Lay Off the Almond Milk, You Ignorant Hipsters - smacktoward
http://www.motherjones.com/tom-philpott/2014/07/lay-off-almond-milk-ignorant-hipsters
======
danudey
"And while I'm lecturing you, I'll be sure to make it derogatory." Nothing
like calling someone an 'ignorant hipster' for buying a product.

This article seems like it was written for people who already hate that other
people like almond milk, and they just want more ammunition so they can
lecture their friends about it.

My wife and I use almond milk for a few reasons; we can't drink dairy (I can't
digest milk fats, she's lactose intolerant), soy milk is highly processed and
the rapid growth in soy products is already a source of environmental concern,
and rice milk is vile. So we get rice milk. We use less than a cup a day on
average, and there are entire weeks we use less than a cup, rather than
'drowning our cereal' as the author points out many people do.
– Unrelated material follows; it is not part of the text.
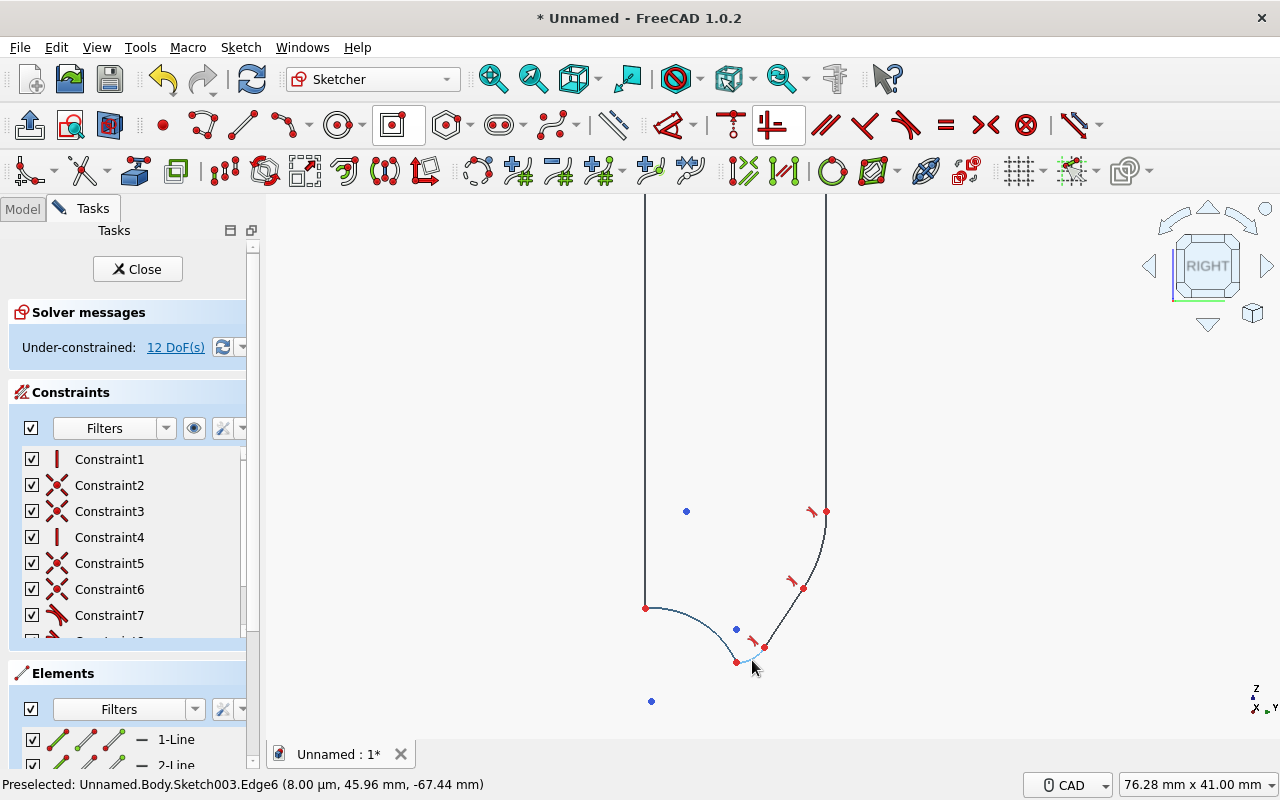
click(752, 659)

And then there's this gem at the bottom:

 _As for me, when I want something delicious to moisten my granola or add
substance to a smoothie, I go for organic kefir, a fermented milk product that
's packed with protein, calcium, and beneficial microbes. Added bonus:
According to the label, it's lactose-free—apparently, the kefir microbes
transform the lactose during the fermentation process._

This is the most hipster paragraph I've read in months. Personally, I can't
wait until three years from now when someone is writing an article on Mother
Jones about how 'organic' kefir is actually awful for you and the planet and
you should be drinking this other thing instead'. For example, they could
start with how terrible the dairy industry is, like the author outlines in his
fourth paragraph.

Like another commenter posted, if there's something you like, there's someone
out there just waiting for an opportunity to lecture you on it.

------
brickmort
Ever since I tried almond milk, I've never gone back. I was never a big fan of
dairy milk in the first place, but almond milk makes cereal and anything else
milk-based so much more pleasant. it never has the tendency of tasting or
smelling 'off' like cow milk, and many manufacturers add about 50% more
calcium than a glass of regular milk. What's not to like?

as for the price markup, if it means that I'm not gonna have to buy almonds,
grind them up and do all the filtering myself, then that's fine, I think it's
worth it.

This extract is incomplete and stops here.